×

ニュース

図書館3案 詳細比較へ 現在地/中央公園内/エールエールA館 広島市 民間業者に委託

 広島市中区の中央公園にある市立中央図書館などの再整備計画で、市は現地建て替えと中央公園内での移転、JR広島駅前の商業施設エールエールA館(南区)への移転の3案について、事業費や集客効果の詳細な比較に乗り出す。A館への移転を最善とするが、市議会などから議論不足を指摘されていた。比較結果を公表し、市民の理解を得て年度内の方針決定を目指す。(余村泰樹)

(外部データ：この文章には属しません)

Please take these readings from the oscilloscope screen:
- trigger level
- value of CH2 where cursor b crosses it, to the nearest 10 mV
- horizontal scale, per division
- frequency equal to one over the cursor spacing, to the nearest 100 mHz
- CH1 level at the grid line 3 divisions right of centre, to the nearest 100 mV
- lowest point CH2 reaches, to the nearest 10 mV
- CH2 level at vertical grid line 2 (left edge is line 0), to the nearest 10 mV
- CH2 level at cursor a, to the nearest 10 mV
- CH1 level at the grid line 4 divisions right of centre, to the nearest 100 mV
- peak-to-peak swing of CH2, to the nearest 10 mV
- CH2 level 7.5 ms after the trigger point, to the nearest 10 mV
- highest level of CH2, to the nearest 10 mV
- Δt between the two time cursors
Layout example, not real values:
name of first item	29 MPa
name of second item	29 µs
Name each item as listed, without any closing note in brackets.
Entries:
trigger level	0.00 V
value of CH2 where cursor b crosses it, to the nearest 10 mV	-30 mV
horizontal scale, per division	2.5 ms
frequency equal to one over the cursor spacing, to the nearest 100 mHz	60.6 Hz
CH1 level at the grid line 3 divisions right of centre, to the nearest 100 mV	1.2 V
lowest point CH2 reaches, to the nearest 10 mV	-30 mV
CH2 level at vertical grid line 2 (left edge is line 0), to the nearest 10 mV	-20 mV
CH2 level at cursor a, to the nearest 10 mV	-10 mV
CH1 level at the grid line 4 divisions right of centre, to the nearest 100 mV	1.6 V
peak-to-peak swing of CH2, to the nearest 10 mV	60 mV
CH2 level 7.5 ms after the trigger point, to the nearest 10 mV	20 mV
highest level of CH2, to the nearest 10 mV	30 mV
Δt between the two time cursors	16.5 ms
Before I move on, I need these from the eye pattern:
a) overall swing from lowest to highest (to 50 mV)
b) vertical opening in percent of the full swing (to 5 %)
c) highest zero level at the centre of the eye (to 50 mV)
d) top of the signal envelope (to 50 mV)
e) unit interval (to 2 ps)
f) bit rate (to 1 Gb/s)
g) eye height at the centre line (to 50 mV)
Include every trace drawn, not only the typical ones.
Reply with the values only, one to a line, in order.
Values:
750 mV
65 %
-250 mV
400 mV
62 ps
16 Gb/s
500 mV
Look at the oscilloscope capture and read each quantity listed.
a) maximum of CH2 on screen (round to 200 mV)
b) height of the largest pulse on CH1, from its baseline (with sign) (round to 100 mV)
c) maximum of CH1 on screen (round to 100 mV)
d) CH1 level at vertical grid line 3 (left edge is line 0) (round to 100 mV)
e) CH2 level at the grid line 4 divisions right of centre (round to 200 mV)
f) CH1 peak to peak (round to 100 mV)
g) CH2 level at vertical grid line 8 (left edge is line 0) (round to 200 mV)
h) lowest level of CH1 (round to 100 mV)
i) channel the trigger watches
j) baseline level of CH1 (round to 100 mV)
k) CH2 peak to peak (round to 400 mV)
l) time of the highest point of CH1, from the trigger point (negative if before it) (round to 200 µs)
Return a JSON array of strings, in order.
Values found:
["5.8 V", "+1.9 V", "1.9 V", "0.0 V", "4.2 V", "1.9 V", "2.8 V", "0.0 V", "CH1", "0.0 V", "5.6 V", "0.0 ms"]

 市が再整備するのは、同じ建物内にある中央図書館と映像文化ライブラリー、近くのこども図書館の3施設。A館に移転した場合に占める約1万3千平方メートルを想定して比較する。単体やビルへの入居など建物の形態▽建設費や維持費の概算事業費▽耐用年数▽仮施設の有無▽予想集客数▽周辺施設との連携―など11項目で比べる。調査や資料作りは中区の民間事業者に委託し、今月13日に1020万円で契約を結んだ。

 図書館の再整備を巡っては、市が2月、A館への移転を前提とした整備基本計画案に、利便性や概算整備費などを現地建て替えと比較した表を載せた。一方、一部の市議は関係者からの意見聴取や議論が不十分と指摘。市議会は3月、3案を詳細に比較検討した資料を作って移転先を決めるよう求める決議案を全会一致で可決した。

 市は現在、図書館に求められる機能を盛り込んだ整備方針案を策定中で、市民意見の募集などを経て年内に内容を固める。その方針を踏まえて3案の比較表を作る。市生涯学習課の田尾雅之課長は「議会の決議に沿って丁寧に議論を進め、多くの市民が納得する計画にしたい」としている。